### Work required
Go to the line containing "defineTest(scriptPath, 'index', null, 'wsrTransform');" and retype it and every later line exactly as written, up to the last line of the entries. Keep pictures out.
-------- Data listing
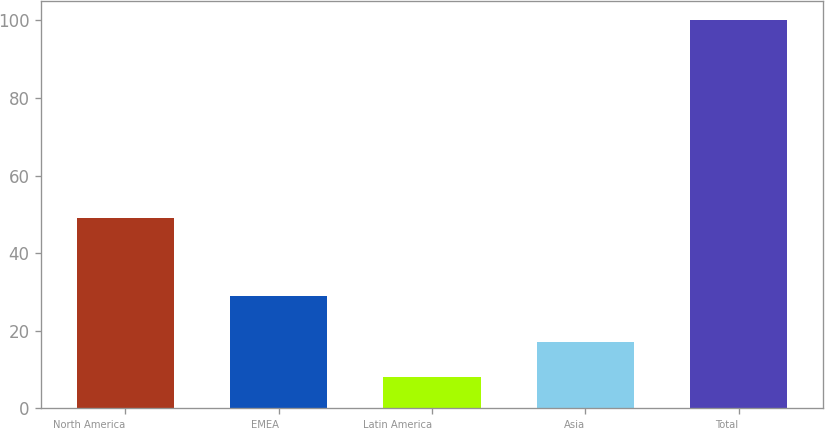<chart> <loc_0><loc_0><loc_500><loc_500><bar_chart><fcel>North America<fcel>EMEA<fcel>Latin America<fcel>Asia<fcel>Total<nl><fcel>49<fcel>29<fcel>8<fcel>17.2<fcel>100<nl></chart> 
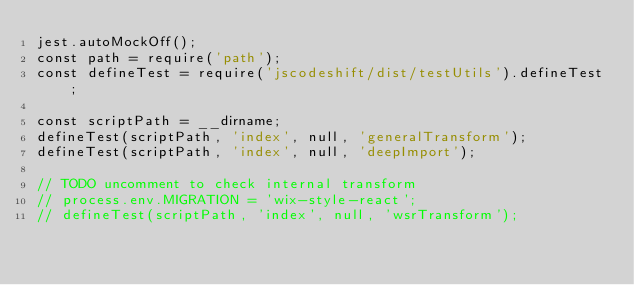<code> <loc_0><loc_0><loc_500><loc_500><_JavaScript_>jest.autoMockOff();
const path = require('path');
const defineTest = require('jscodeshift/dist/testUtils').defineTest;

const scriptPath = __dirname;
defineTest(scriptPath, 'index', null, 'generalTransform');
defineTest(scriptPath, 'index', null, 'deepImport');

// TODO uncomment to check internal transform
// process.env.MIGRATION = 'wix-style-react';
// defineTest(scriptPath, 'index', null, 'wsrTransform');

</code> 
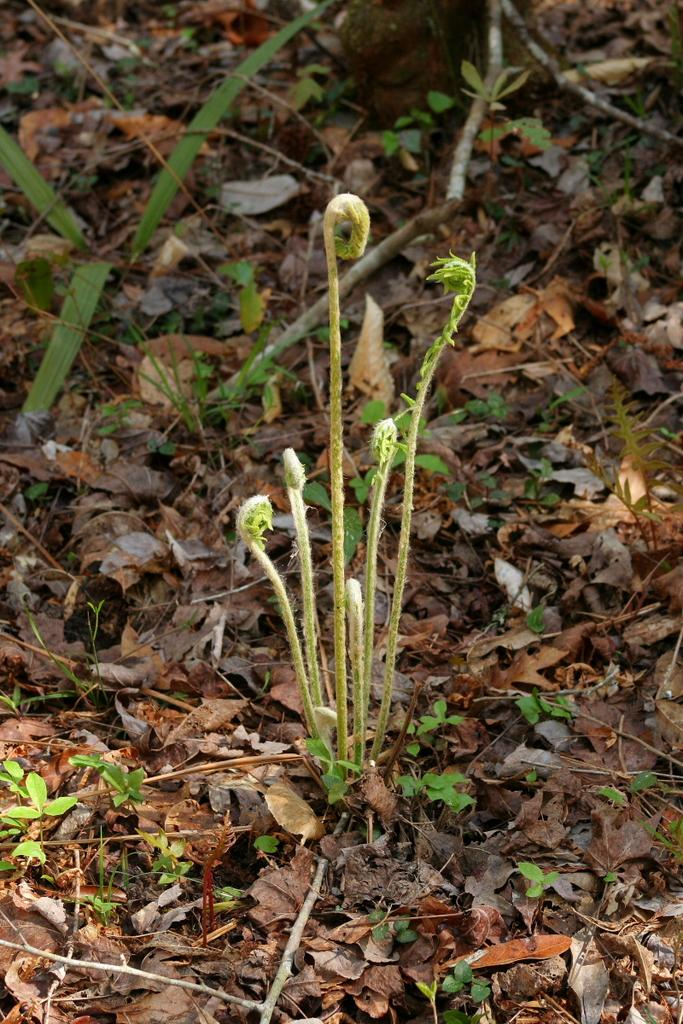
----------------
### The completed task
// defineTest(scriptPath, 'index', null, 'wsrTransform');

</code> 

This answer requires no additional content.